Solved

Copy or Storage Vmotion Very Slow


Badge +2

I have a 8 nodes nutanix with vSphere 7 deployed. I’ve created 2 new storage container with compression enabled and map to the nodes. 

I test to copy the file that i uploaded to the default container to the new storage container presented as NFS datastore...it was very slow. 5GB took 2hrs. 

Then i tried storage vmotion of a VM reside on the new datastore to another new datastore. A 10GB VM took 20 minutes. 

If storage vmotion from the default container to new datastore, it fails. 

icon

Best answer by swee han 4 November 2022, 04:54

View original

This topic has been closed for comments

17 replies

Userlevel 4
Badge +5

How are the networks configured? 

Badge +2

no LACP. active-standby. Previously was working fine. 

Userlevel 4
Badge +5

So if it was working fine, something is changed or broken. I would suggest you look into what is changed and look and that component to find the bottleneck. 

Userlevel 3
Badge +5

Hello @swee han 

Make sure that Nutanix VAAI plug-in is installed and enabled.

Badge +2

checked...the plugin is installed and enabled.

Userlevel 1
Badge +1

Check the MTU on the switches and the NICs and the vSwitches.  To me this feels like an MTU problem. If it’s not that, my next guess would be that it’s a routing problem. Nutanix uses 192.168.5.0/24 internally. If you are using that network outside of Nutanix that would cause problems. 

Badge +2

Another funny thing I found in the prism, the data resiliency will randomly go into the state data resiliency not possible, system is self-healing although all the CVM services are up. Click on the self-healing, and it shows the extent group is the one affected. 

Userlevel 3
Badge +5

Just for completeness, is the default container functioning properly?

Badge +2

Default container was functioning properly previously. Now even I deploy VM in default container and install os with the iso reside in the same default container also very slow. 2 hours to deploy a window vm.

Userlevel 3
Badge +5

You have to contact Nutanix Support

Badge +2

Yes, they conduct few remote session and still no clue. So now they collected the logs and escalate to their senior or Level 2 or Level 3. 

Userlevel 4
Badge +5

Looks like the network is not as is should be.
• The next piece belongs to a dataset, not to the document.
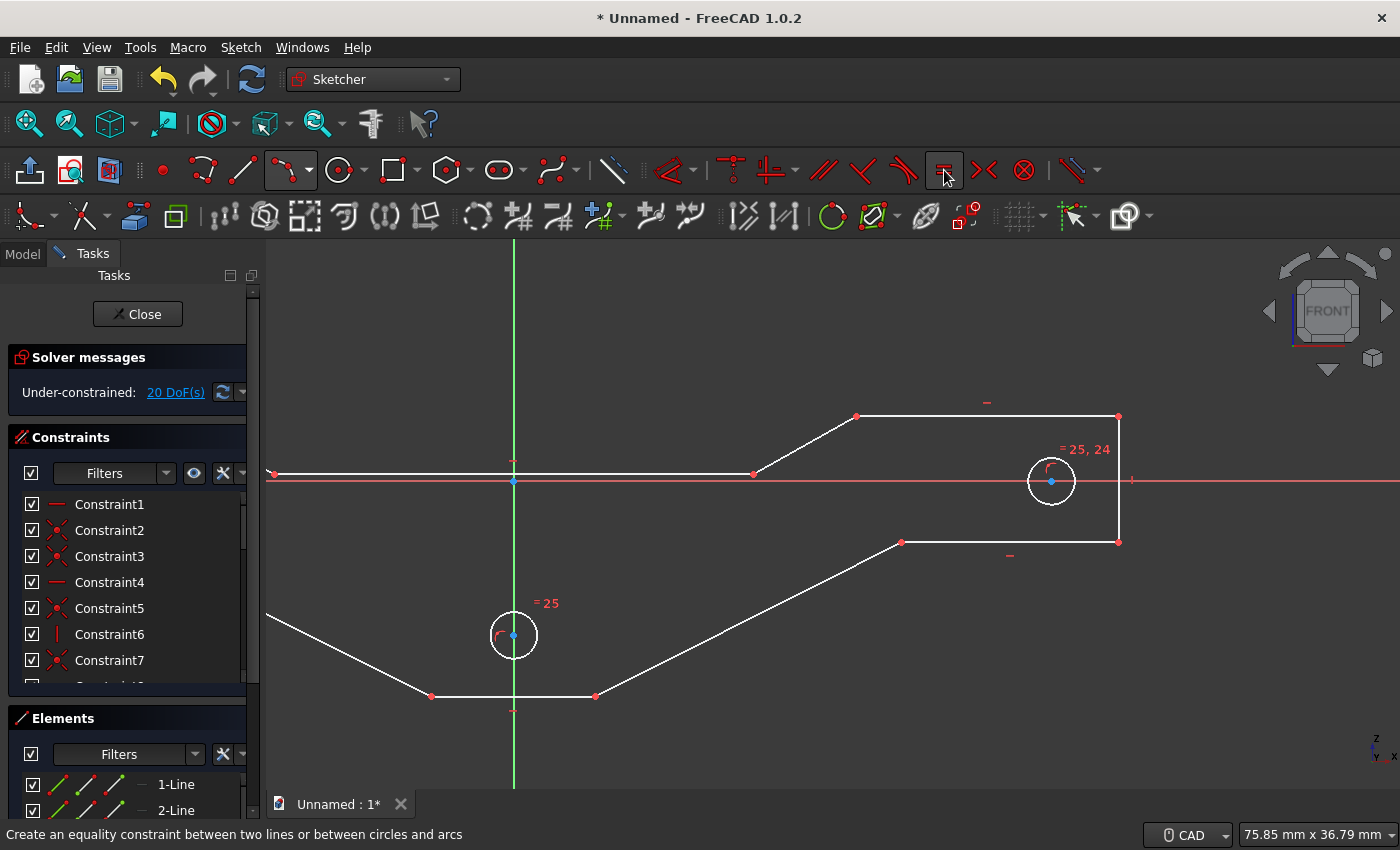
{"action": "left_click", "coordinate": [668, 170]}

Are the switches (distrubuted vswitch or the srandard vswitches in vmware) changed? 

Userlevel 3
Badge +5

Can you tell us how the equipment is connected in terms of nics, switches etc.
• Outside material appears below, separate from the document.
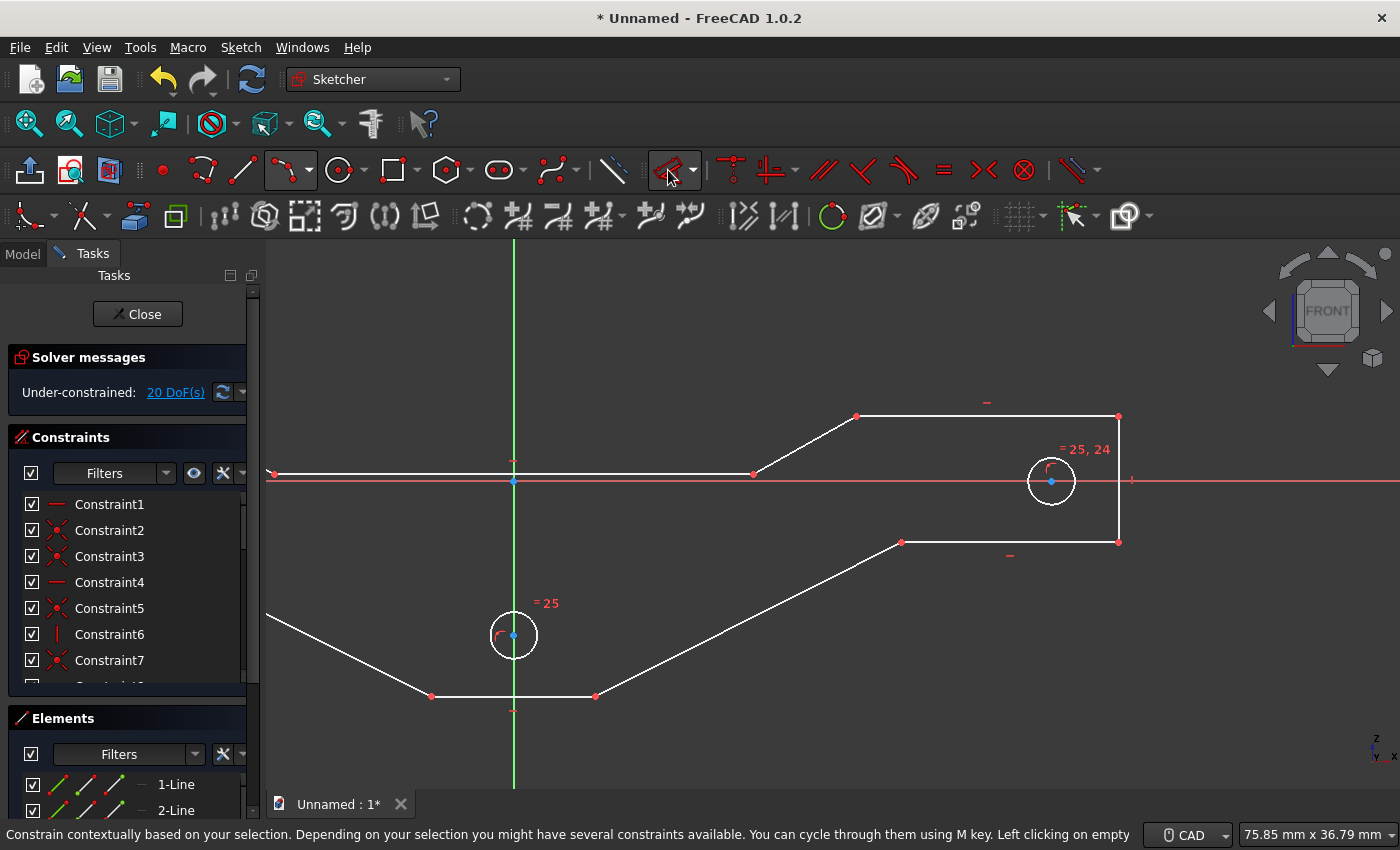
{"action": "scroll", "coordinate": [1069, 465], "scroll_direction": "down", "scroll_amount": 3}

Are you seeing alerts on Prism Element?

Can you transfer between esxi hosts directly (boot media to boot media) with speed?

Support will be best placed to help here.

What hardware is it?

Badge +2

Prism element only have warning...mostly is on the CVM ntp. The server is HPE nutanix model DX2000 with DX190R gen10. All the servers are connected to 2 x Cisco C9500. 

Userlevel 3
Badge +5

Ok cool. 

 

So if you SSH into esxi on node1 can you run df -h

We need to see if we have some local (non Nutanix) storage at hardware level so we can try to orchestrate testing without cvm/virtual storage.

 

Userlevel 2
Badge +3

Some of the points to considered:

  • Check if EVC is enable, i noticed if EVC is enable with very old generation. which may lead to slowness
  • Check if any firewall is involve if between the host. 
  • what the network connectivity. are you using 1G or 10G
Badge +2

Seems the culprit is on one of the node network connection at switch2. In the switch, that particular port has CRC errors. After disable the port, I perform testing for file copy and storage vmotion the result returns as normal. Also in the prism the data resiliency status also back to normal. Now checking which item is faulty (FC cable, network or server port, network or server transceiver).